Barbara Blue – Memphis Blue: Sweet, Strong And Tight | Album Review

barbarabluecdBarbara Blue – Memphis Blue: Sweet, Strong And Tight

BIG Blue Records – 2014

13 tracks; 51 minutes

Memphis’ Barbara Blue has stayed close to home for this album which was recorded at Royal Studios, produced by Lawrence ‘Boo’ Mitchell and features songs mainly taken from Memphis writers past and present, with Barbara having a hand in five of the songs. As one might expect from the recording location, the album covers a wide range of styles including soul, rock and roll and country.

The musicians are a who’s who of Memphis music: The Royal Rhythm Section has Lester Snell on Wurlitzer, Rev Charles Hodges on B3, Leroy ‘Flick’ Hodges or David Smith on bass, Steve Potts on drums and Michael Tols on guitar; The Royal Horns feature Lannie McMillan on sax, Joe Spake on baritone, Marc Franklin on trumpet and Steve Graham or Jason Yasinsky on trombone.
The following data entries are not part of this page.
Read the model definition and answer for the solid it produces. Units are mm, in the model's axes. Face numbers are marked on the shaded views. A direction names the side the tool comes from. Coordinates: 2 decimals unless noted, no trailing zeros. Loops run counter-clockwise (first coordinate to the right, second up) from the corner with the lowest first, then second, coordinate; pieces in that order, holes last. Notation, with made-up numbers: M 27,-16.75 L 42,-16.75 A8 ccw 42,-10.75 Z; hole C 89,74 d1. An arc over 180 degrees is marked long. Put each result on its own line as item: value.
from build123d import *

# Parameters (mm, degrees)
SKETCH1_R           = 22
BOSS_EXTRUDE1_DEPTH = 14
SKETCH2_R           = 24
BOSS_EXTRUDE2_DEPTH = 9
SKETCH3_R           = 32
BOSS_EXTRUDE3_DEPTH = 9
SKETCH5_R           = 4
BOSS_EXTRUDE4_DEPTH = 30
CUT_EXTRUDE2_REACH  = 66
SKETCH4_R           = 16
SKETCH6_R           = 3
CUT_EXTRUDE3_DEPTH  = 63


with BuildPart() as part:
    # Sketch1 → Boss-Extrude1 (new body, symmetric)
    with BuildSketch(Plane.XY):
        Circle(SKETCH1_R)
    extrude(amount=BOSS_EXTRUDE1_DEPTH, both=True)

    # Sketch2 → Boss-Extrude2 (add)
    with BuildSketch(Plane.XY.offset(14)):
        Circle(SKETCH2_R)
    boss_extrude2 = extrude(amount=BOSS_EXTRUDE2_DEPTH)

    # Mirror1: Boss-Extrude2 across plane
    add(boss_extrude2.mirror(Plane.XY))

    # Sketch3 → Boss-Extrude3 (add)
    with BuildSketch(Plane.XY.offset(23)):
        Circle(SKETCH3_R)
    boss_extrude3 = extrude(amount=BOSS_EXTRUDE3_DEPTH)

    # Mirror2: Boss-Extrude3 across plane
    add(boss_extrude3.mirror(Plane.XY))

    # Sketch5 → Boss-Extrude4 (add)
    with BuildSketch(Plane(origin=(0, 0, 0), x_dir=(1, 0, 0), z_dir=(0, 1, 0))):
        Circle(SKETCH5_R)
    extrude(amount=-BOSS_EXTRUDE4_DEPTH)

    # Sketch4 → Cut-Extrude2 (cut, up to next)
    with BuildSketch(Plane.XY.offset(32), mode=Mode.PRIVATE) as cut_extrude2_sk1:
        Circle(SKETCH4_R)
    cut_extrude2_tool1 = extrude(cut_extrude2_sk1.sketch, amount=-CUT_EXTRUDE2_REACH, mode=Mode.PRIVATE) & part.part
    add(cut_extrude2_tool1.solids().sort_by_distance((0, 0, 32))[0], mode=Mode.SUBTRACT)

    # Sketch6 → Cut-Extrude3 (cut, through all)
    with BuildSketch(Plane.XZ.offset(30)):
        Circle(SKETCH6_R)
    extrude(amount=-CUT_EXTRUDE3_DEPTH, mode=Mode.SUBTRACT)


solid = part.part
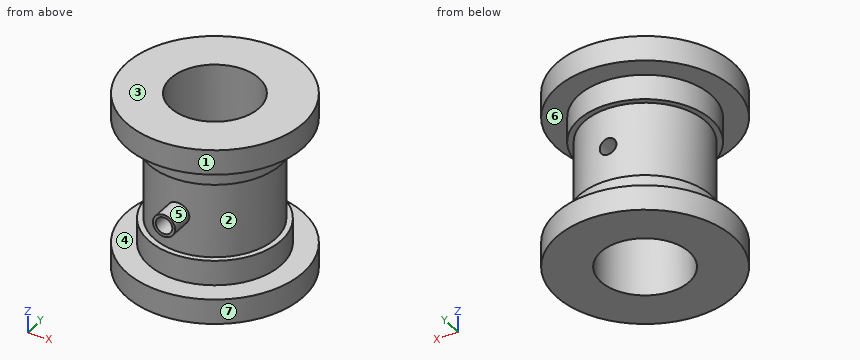
1) Find section D-D, the plane y = -23. Write down the section's boundary in (x, z).
Answer list:
outline: M -22.25,-32 L 22.25,-32 L 22.25,-23 L 6.86,-23 L 6.86,-14 L -6.86,-14 L -6.86,-23 L -22.25,-23 Z; M -22.25,23 L -6.86,23 L -6.86,14 L 6.86,14 L 6.86,23 L 22.25,23 L 22.25,32 L -22.25,32 Z; C 0,0 d8; hole C 0,0 d6
2) Find section C-C, the plane z = 1. Write down the section's boundary in (x, y), plus the area to 3 significant figures.
Answer list:
outline: M -3.87,-30 L -2.83,-30 L -2.83,-15.75 A16 cw -2.83,15.75 L -2.83,21.82 A22 ccw -3.87,-21.66 Z; M 2.83,-30 L 3.87,-30 L 3.87,-21.66 A22 ccw 2.83,21.82 L 2.83,15.75 A16 cw 2.83,-15.75 Z
area: 665 mm^2
3) Which of the six approach directions +Z, -Z, +X, -X, +Y, -Y give full straight-line access (tool end or side, diameter ignored) to the marked faces 5, 6 and 7?
Answer list:
face 5: -Y
face 6: none
face 7: +Z, -Z
4) Find section A-A, the plane y = 0. Write down the section's boundary in (x, z), plus the area to 3 significant figures.
Answer list:
outline: M -32,-32 L -16,-32 L -16,32 L -32,32 L -32,23 L -24,23 L -24,14 L -22,14 L -22,-14 L -24,-14 L -24,-23 L -32,-23 Z; M 16,-32 L 32,-32 L 32,-23 L 24,-23 L 24,-14 L 22,-14 L 22,14 L 24,14 L 24,23 L 32,23 L 32,32 L 16,32 Z
area: 1,200 mm^2
5) Determine the mould class of the marked faces 1, 2, 3 and 4 for opening direction Z: released by +Z, released by -Z, zero draft, split by the parting line, or undercut.
Answer list:
face 1: zero draft
face 2: undercut
face 3: released by +Z
face 4: undercut
6) Straight lines are drawn through the part: line 1 (Z direction, x = 0, y = -25.5); line 2 (Z direction, x = 0, y = -18.75); line 3 (Z direction, x = 27.5, y = 0.5). For each, find the intervals that lie inside material, in ascending order. Write a range as [from, to].
Answer list:
line 1: z = [-32, -23], [-4, -3], [3, 4], [23, 32]
line 2: z = [-32, -3], [3, 32]
line 3: z = [-32, -23], [23, 32]
7) Find section B-B, the plane x = -14. Write down the section's boundary in (y, z), plus the area to 3 significant figures.
Answer list:
outline: M -28.77,-32 L -7.75,-32 L -7.75,32 L -28.77,32 L -28.77,23 L -19.49,23 L -19.49,14 L -16.97,14 L -16.97,-14 L -19.49,-14 L -19.49,-23 L -28.77,-23 Z; M 7.75,-32 L 28.77,-32 L 28.77,-23 L 19.49,-23 L 19.49,-14 L 16.97,-14 L 16.97,14 L 19.49,14 L 19.49,23 L 28.77,23 L 28.77,32 L 7.75,32 Z
area: 1,700 mm^2
8) Given pin 1 Ø6.5 at (x, z) = (2, 0) entering from -Y; pin 2 Ø6 at (x, z) = (22.5, 13.5) entering from +Y; pin 3 Ø14.5 at (x, y) = (-1.5, -0.5) entering from -Z; pin 4 Ø8 at (x, z) = (0, 0) entering from +Y, each flat-ended and moving along its own axis, determine where each tip first touches the part or whether it passes through.
Answer list:
pin 1: stops at y = -30
pin 2: stops at y = 13.93
pin 3: passes through
pin 4: stops at y = 22

The guests include Bobby Rush on harp, Ronnie Earl on guitar, Sonny Barbato on accordion and piano, Dedric Davis on trumpet, Cody Dickinson on washboard and Shontelle and Sharisse Norman on backing vocals on two tracks.

Demonstrating the variety of the music here Barbara starts with the jump style of Jay McShann’s “Hands Off”, a song covered by many female singers including Janiva Magness.  The horns punctuate the song with some soulful blasts that root the song in Memphis and Bobby Rush’s harp solo is the icing on this particular cake.  “No Time To Cry” is an interesting song from Joe Sanders which fits Barbara well with its lyrics about making one’s way in the music business, Ronnie Earl taking a poised solo in the middle.

“Rudy’s Blues” is another strong song lyrically as Barbara tells us about one of the old-time Memphis characters: “Rudy had a three-handed woman, she kept giving him the blues; she was right-handed, left-handed and underhanded too.” Guest Dedric Davis adds some fine trumpet playing that also fits with the story of old Rudy.  Accordion and shakers give a suitably swampy feel to “Voodoo Woman” before another change of style in the superb “Me And Jesus”.  PW Cox’s song has a strong gospel and country feel with rolling piano and churchy organ and talks about belief and whether one needs to demonstrate one’s faith in public: “I talk to God at least once a day and I don’t need anyone to know” sings Barbara before concluding that “Me and Jesus are all right”.

Barbara co-wrote “Rolling Up On Me” which takes us right on to Beale Street with an insistent beat and some soulful guitar and organ rhythm interplay, Ronnie Earl again providing a beautiful solo section.  For those of us who developed our musical interests in the 60’s no names are more evocative of Memphis than Hayes, Porter and Cropper and those three are the writers of the funky “Love Is After Me”, a classic piece of Memphis soul.  Barbara’s vocals are well supported by the backing vocalists and the horns provide the punch we associate with the heyday of Stax to provide one of the highlight tracks here.

“Coat & Hat” again features the accordion and it’s a strong song (credited to T Plunk) lyrically though Barbara’s deep voice is less suited to this slow country song.  The sub-title of the album, “Sweet, Strong And Tight” brings back the horns for a barnstorming tune written by Barbara on her own in which she explains what she can bring to a relationship and Bobby Rush plays the main solo.

Another classic Memphis artist was Ann Peebles and one of her best known songs is covered here.  “I’m Gonna Tear Your Playhouse Down” is a great song and it suits Barbara’s voice well in a very polished version with wonderful horns. Memphis singer Reba Russell is the writer of “SuperBlues” which brings Bobby Rush back on harp and “Memphis Stomp” is a co-write between Barbara, Lester Snell and Boo Mitchell which pays tribute to the late Willie Mitchell and appropriately has more fine horns.

To close the album “800 Mile Blues” really takes things back to basics on a quiet country blues with minimal instrumentation, just bass and guitar, a tune credited to Barbara and Ronnie Earl.

For this reviewer the highlights here are the tracks with the horns, but Barbara has done a good job in selecting material across styles and making most of them work well so that the album provides something for everyone to enjoy.